#### [TASK STATEMENT]
Give again, word for word, each line below starting at the one that contains "in degrees. One object per line." and ending at the one that contains "name -> x, y, z".

Saved data entries
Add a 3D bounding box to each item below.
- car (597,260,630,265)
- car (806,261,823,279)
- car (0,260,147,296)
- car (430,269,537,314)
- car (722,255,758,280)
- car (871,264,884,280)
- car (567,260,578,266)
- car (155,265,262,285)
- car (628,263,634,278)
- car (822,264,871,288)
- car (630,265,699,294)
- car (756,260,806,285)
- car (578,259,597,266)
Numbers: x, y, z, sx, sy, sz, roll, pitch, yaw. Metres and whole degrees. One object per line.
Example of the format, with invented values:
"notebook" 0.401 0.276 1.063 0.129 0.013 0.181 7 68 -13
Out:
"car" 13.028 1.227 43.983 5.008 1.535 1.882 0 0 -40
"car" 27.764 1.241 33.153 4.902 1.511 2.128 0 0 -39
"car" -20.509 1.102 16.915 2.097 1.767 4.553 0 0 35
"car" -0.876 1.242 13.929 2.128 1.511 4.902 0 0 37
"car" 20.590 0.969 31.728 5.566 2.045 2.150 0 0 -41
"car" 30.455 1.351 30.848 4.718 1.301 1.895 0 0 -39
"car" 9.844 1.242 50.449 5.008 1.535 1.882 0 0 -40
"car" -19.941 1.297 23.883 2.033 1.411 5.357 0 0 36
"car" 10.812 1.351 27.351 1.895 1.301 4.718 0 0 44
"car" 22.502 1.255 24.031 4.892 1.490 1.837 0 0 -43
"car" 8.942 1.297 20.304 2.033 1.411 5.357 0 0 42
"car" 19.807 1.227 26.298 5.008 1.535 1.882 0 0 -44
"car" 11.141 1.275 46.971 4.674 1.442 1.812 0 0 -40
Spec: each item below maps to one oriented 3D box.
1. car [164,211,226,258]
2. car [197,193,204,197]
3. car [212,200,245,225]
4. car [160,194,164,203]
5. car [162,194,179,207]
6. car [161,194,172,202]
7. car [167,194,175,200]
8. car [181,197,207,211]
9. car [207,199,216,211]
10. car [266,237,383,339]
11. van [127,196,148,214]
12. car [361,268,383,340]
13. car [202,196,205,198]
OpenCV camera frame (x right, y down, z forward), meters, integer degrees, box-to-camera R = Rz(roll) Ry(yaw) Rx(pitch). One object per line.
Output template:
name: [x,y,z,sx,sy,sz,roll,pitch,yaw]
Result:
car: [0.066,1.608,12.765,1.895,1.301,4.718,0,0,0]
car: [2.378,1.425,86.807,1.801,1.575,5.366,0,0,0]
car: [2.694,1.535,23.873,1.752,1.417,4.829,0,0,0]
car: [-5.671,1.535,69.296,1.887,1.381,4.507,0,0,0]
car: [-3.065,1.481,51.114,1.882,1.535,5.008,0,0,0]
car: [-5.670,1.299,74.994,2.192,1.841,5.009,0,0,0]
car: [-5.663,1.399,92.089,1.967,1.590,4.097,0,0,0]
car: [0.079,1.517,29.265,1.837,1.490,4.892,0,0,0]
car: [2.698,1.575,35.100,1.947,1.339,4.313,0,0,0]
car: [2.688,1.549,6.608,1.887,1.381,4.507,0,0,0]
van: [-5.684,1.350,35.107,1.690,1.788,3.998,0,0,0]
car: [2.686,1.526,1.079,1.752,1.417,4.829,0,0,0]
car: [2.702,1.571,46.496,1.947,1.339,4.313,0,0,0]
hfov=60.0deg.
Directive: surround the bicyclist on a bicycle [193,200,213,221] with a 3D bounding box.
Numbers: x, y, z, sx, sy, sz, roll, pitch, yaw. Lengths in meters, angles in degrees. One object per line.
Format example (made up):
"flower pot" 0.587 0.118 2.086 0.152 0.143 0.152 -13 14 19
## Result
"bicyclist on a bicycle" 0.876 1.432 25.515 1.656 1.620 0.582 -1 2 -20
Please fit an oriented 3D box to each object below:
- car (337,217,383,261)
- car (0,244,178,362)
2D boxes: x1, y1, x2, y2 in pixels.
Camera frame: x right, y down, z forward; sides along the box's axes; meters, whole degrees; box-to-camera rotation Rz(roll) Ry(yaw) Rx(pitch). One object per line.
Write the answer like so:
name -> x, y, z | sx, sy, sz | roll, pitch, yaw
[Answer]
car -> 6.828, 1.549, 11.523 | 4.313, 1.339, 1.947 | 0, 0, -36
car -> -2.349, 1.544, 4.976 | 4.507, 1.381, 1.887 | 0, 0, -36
==
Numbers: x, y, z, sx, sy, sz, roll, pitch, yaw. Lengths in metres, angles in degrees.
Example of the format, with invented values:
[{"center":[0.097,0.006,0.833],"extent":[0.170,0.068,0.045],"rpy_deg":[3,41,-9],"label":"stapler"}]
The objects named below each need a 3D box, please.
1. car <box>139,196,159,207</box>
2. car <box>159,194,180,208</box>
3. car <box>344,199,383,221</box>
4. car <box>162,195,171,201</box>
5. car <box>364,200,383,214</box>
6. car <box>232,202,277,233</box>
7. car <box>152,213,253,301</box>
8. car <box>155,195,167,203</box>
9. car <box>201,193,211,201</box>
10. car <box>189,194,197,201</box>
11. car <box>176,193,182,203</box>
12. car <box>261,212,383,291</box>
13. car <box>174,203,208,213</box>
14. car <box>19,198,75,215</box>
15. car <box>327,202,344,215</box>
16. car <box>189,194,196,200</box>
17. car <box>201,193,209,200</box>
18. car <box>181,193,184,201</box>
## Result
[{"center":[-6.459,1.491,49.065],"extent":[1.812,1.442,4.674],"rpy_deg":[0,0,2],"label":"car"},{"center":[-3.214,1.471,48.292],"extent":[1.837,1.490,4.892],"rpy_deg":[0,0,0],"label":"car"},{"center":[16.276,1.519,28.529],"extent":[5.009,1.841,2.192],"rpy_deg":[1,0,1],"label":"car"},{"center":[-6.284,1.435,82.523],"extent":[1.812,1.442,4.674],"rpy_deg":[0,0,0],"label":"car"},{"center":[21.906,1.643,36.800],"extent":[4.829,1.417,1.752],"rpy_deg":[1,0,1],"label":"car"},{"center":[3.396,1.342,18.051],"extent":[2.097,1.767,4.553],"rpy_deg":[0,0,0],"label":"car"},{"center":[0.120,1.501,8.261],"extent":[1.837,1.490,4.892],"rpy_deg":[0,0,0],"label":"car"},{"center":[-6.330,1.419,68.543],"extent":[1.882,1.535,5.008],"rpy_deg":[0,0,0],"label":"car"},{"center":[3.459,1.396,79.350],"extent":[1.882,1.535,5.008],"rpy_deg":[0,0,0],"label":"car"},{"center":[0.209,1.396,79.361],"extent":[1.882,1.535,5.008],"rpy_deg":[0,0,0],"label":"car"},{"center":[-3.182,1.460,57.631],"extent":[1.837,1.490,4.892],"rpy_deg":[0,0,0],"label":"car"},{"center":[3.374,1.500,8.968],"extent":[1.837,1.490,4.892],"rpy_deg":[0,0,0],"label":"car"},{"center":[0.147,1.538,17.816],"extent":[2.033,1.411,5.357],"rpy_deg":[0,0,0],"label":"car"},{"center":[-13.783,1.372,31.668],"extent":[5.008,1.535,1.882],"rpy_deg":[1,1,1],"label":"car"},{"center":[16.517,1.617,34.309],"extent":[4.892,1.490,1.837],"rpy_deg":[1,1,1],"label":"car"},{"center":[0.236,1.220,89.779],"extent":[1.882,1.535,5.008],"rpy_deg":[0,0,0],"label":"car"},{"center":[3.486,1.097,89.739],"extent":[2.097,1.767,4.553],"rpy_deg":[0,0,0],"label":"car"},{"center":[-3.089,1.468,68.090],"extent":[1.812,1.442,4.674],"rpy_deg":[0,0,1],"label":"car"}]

#### [ANSWER TO THE EXERCISE]
Numbers: x, y, z, sx, sy, sz, roll, pitch, yaw. Lengths in meters, angles in degrees. One object per line.
Format example (made up):
"flower pot" 0.587 0.118 2.086 0.152 0.143 0.152 -13 14 19
## Result
"bicyclist on a bicycle" 0.876 1.432 25.515 1.656 1.620 0.582 -1 2 -20
Please fit an oriented 3D box to each object below:
- car (337,217,383,261)
- car (0,244,178,362)
2D boxes: x1, y1, x2, y2 in pixels.
Camera frame: x right, y down, z forward; sides along the box's axes; meters, whole degrees; box-to-camera rotation Rz(roll) Ry(yaw) Rx(pitch). One object per line.
Write the answer like so:
name -> x, y, z | sx, sy, sz | roll, pitch, yaw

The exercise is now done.